Scientific Reports volume 14, Article number: 137 (2024 ) Cite this article
Magnetic fusion plasmas, which are complex systems comprising numerous interacting elements, have large uncertainties. Therefore, future fusion reactors require prediction-based advanced control systems with an adaptive system model and control estimation robust to uncertainties in the model and observations. To address this challenge, we introduced a control approach based on data assimilation (DA), which describes the system model adaptation and control estimation based on the state probability distribution. The first implementation of a DA-based control system was achieved at the Large Helical Device to control the high temperature plasma. The experimental results indicate that the control system enhanced the predictive capability using real-time observations and adjusted the electron cyclotron heating power for a target temperature. The DA-based control system provides a flexible platform for advanced control in future fusion reactors.
Magnetic confinement fusion is a promising next-generation power source.
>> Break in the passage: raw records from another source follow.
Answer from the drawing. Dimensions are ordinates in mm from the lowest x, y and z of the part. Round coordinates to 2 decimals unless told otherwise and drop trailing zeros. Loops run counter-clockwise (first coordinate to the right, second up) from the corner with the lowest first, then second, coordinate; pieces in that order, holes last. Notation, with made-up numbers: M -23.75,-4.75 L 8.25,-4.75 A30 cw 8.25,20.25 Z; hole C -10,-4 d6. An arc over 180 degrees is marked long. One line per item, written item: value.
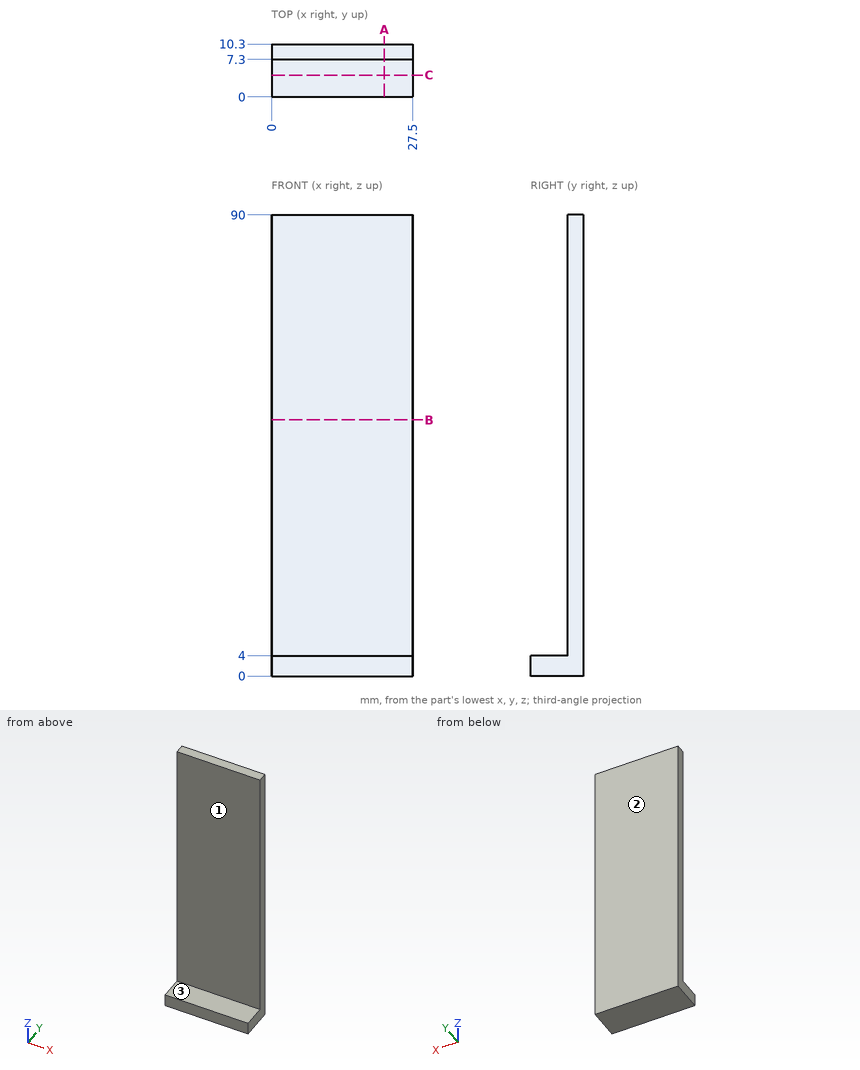
1) Find section A-A (x = 22). Give the vertices of the cut face in (y, z).
Check values:
outline: M 0,0 L 10.3,0 L 10.3,90 L 7.3,90 L 7.3,4 L 0,4 Z
2) Find section B-B (z = 50). Give the vertices of the cut face in (x, y).
Check values:
outline: M 0,7.3 L 27.5,7.3 L 27.5,10.3 L 0,10.3 Z
3) Find the intervals of material crossed by probe 1 along Z at (x, y) = (4, 6.25); probe 2 along Y at (x, z) = (8.25, 32.5), in increasing order. Write a range as from..to.
Check values:
probe 1: 0..4
probe 2: 7.3..10.3
4) The mould has two halves that part along Y. Classify the marked faces 1, 2 and 3: +Y half, -Y half, draft (parallel to the pull), parting line (faces both ways), or undercut.
Check values:
face 1: -Y half
face 2: +Y half
face 3: draft
5) Each of these flat-tipped pins is pushed along its axis until it touches: pin 1 (1 mm diameter, centred on x = 5, z = 49, fed in from -Y); pin 2 (1 mm diameter, centred on x = 4.5, y = 1.5, fed in from +Z). Where does it stop, or does it pass through?
Check values:
pin 1: y = 7.3
pin 2: z = 4
6) Find section C-C (y = 4.25). Give the vertices of the cut face in (x, z).
Check values:
outline: M 0,0 L 27.5,0 L 27.5,4 L 0,4 Z

To generate fusion-based power, the fusion plasma should be heated to attain and maintain a good state of confinement. However, fusion plasma is a typical complex system in which various physical quantities interact with each other to determine the overall behavior1. Therefore, a large number of variables should be considered for controlling the fusion plasma. An adaptive system (predictive) model is required to account for the latent variables that are difficult to observe or model (e.g., wall conditions2) along with uncertain elements related to stability, abrupt termination events, and energy and particle transport. These challenges exist in common with the control of complex systems.